What is flatbread? I don't know, I just can't think of another name for it and I don't want to take Silvana's "slab" bread term. So, you get my Flat Bread..LOL I have tried so many types of bread...slabs, focaccia, loaf, etc..and always found myself not completely satisfied. Mostly because the bread is great when right out of the oven and then a few hours later it shrivels up, becomes gummy and some just don't taste right.
I make the bread and it does not last more than a day in my house. The kids love it too. So, I hope you enjoy the recipe, give it a try, share it and try it (even if you are not GF, because it is that good)..ENJOY!

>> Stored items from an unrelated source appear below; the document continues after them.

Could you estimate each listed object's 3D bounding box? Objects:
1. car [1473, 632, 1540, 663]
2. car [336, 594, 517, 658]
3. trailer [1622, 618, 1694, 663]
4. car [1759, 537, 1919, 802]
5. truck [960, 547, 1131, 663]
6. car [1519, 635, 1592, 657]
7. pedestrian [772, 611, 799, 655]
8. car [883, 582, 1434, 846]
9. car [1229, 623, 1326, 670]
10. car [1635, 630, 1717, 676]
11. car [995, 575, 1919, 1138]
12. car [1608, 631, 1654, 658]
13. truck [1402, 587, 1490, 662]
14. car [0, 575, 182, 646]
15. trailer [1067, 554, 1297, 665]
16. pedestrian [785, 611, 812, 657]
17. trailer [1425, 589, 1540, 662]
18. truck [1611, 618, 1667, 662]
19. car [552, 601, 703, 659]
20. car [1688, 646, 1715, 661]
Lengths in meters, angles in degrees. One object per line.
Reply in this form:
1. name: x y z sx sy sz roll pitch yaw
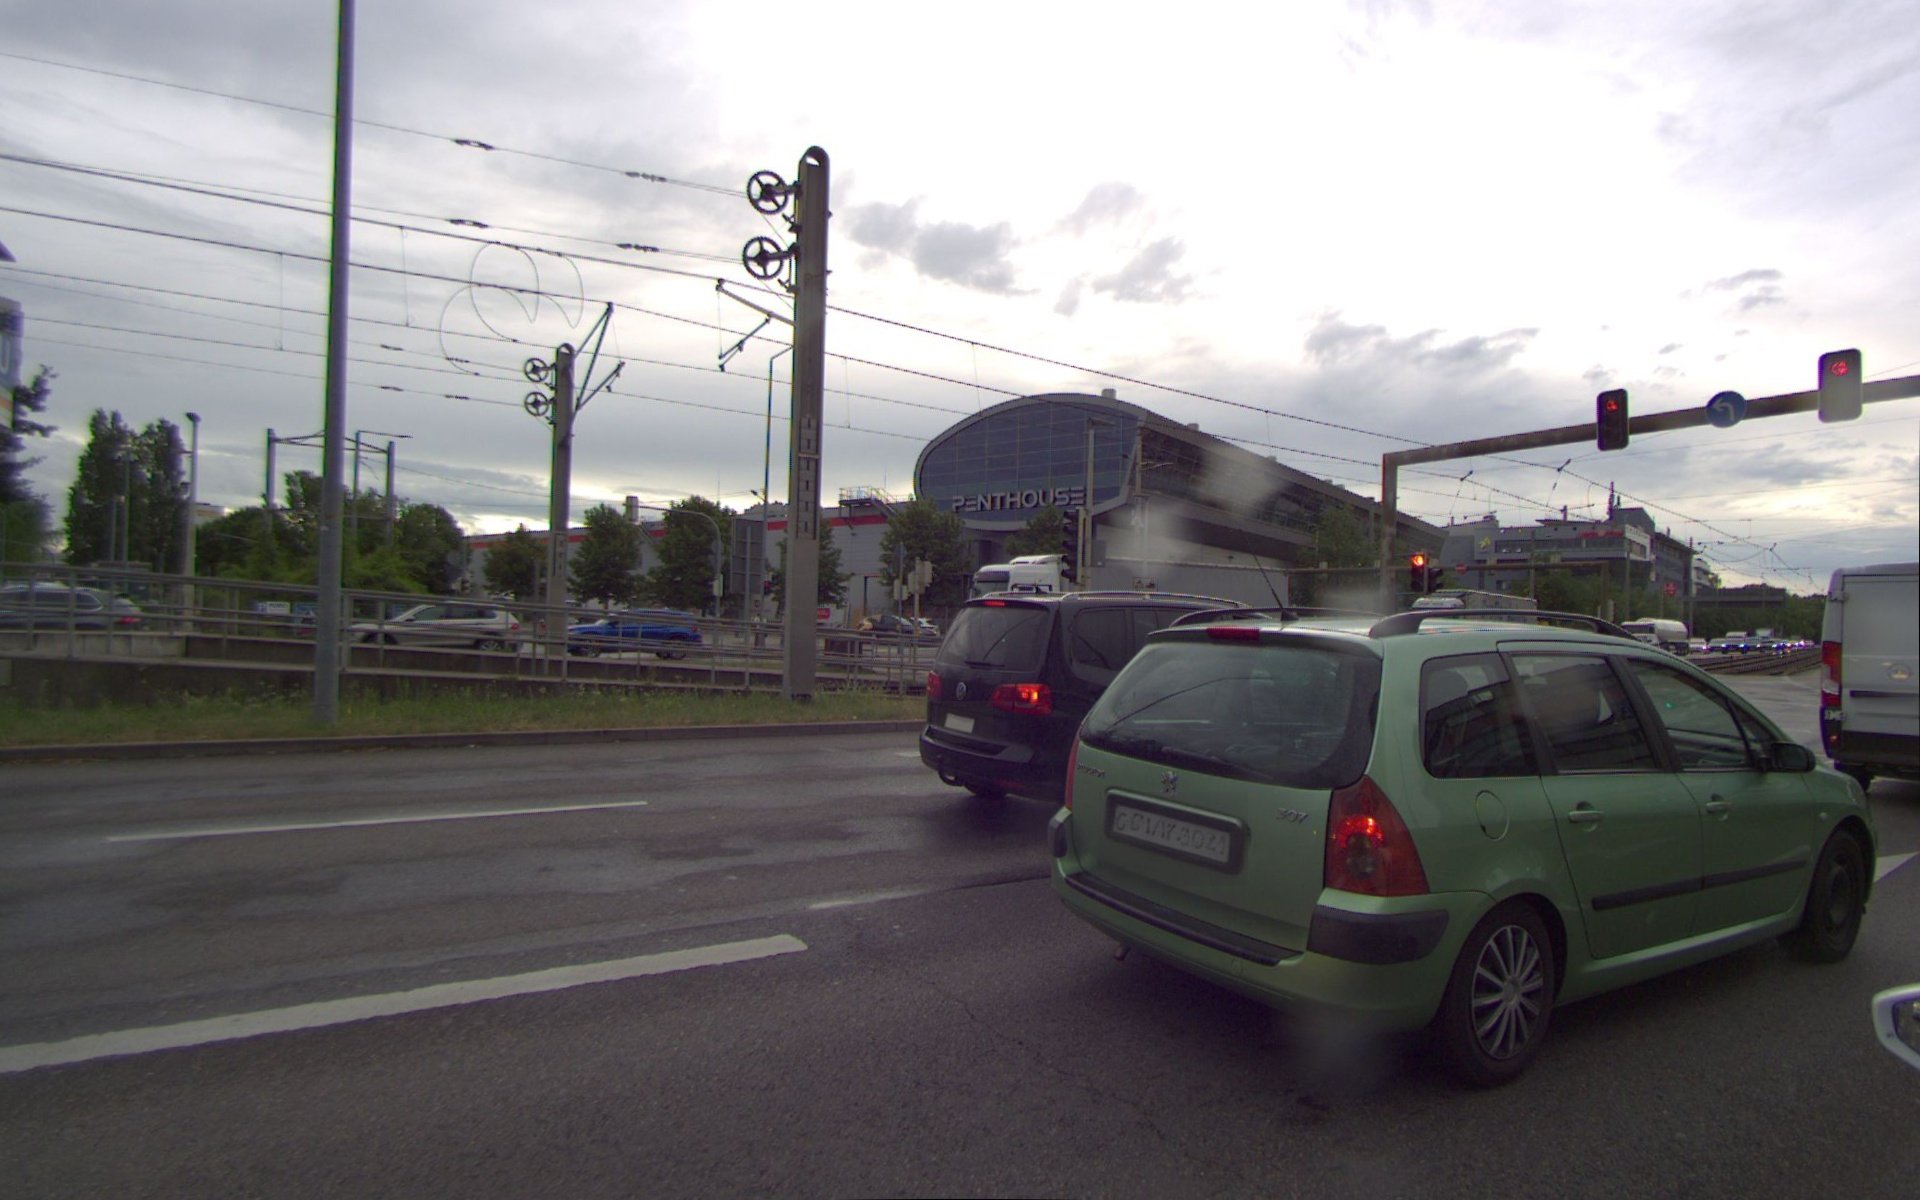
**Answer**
1. car: 31.133 2.701 57.169 4.533 1.576 1.885 3 0 -42
2. car: -14.471 0.716 27.322 4.112 1.481 1.727 4 0 -35
3. trailer: 65.648 3.882 94.343 11.136 3.905 2.703 3 -3 -39
4. car: 10.415 0.728 10.252 4.862 2.324 2.426 3 0 -38
5. truck: 3.265 0.263 37.789 5.926 4.049 2.814 2 -1 -34
6. car: 47.161 3.637 79.557 1.984 1.630 4.591 3 -2 -40
7. pedestrian: -6.939 1.325 39.967 0.731 1.685 0.721 3 0 -33
8. car: 1.656 0.785 8.012 4.142 1.613 1.719 3 1 -29
9. car: 12.922 1.908 40.836 4.065 1.674 1.870 3 0 -41
10. car: 34.735 2.565 48.694 4.301 2.040 1.762 2 1 -34
11. car: 2.469 0.780 4.526 4.353 1.488 1.686 3 0 -31
12. car: 53.060 3.487 79.398 4.874 1.862 1.974 1 2 -44
13. truck: 28.872 1.527 59.520 6.144 4.184 2.641 4 -2 -43
14. car: -19.086 0.193 20.874 4.366 1.281 1.897 4 0 -32
15. trailer: 9.642 0.540 42.424 11.336 4.161 2.774 2 -1 -37
16. pedestrian: -6.328 1.324 39.280 0.731 1.728 0.721 3 0 -33
17. trailer: 33.530 1.773 64.045 12.661 4.178 2.624 4 -2 -44
18. truck: 61.545 3.657 90.970 5.365 3.855 2.725 3 -3 -38
19. car: -10.906 1.008 33.056 4.277 1.650 1.980 4 0 -35
20. car: 78.187 5.600 105.855 2.132 1.525 4.283 0 -2 39

This is a close-up picture so that you can see the crust and the airy insides. I love the rustic way the bread looks. |
Gluten-Free Flatbread
Makes two flat loaves1 cup of sweet sorghum
1/2 cup of millet
1/2 cup of white rice flour
1 cup of tapioca flour
1 1/2 tsp. salt
3 tsp. xantham gum
2 T. sugar
1 1/2 cups of warm water
2 T. yeast
2 T. extra virgin olive oil
2 whole large eggs, at room temperature
1/2 tsp. vinegar
butter, herbs, seasonings for toppings
1. Mix the first 6 ingredients together. I use a whisk to make sure that it is well blended.
2. In a small bowl mix sugar, water, and yeast. Let sit until yeast is frothy on top. If after 3-5 minutes your yeast has not done anything, you may need to try again or replace your yeast.
3. Combine the olive oil, eggs, and vinegar in another small bowl. I do this to make sure that I don't accidentally crack any shells in the flour.
4. Combine the two liquids into the dry. You will notice that it takes a few minutes of stirring to become "gooey". The xantham gum is working but takes a minute. Using your hand mixer or large mixer, beat for 3 minutes. The dough does climb. I use a spatula to help keep it from reaching the top of the beaters.
5. Start preheating your oven to 400. Add your pizza stone. I don't use traditional cookie sheets. I like the stones because they create a wonderful crust on the bottom.
6. I get two sheets of parchment paper ready by sprinkling white rice flour first. The dough will be very, very soft and sticky. It's okay. Take a spoon and scoop the dough in two equal amounts on the parchment sheets. Sprinkle each pile with white rice flour, enough so that you can gently push the dough into rectangles. I usually try to make my shapes about 8 inches wide and 12 inches long. I try to make it about an inch thick or less. The more you spread it out the thinner the bread will be. This is okay, it's up to how thick you like your bread for sandwiches and toast.
7. I let the bread rest for 30 minutes. It will rise, but not double. If you want to add olive oil, herbs or seasonings, this can be done now. Just use a small amount of oil and brush gently over the top and sprinkle your toppings to the desired amount.
This is the flat bread right before I put it into the oven. |
This recipe makes these two loaves of flatbread. |
I finally have a bread that holds up for a sandwich, with tons of toppings! YUM |
I store the extra bread in wax paper, wrapped in foil.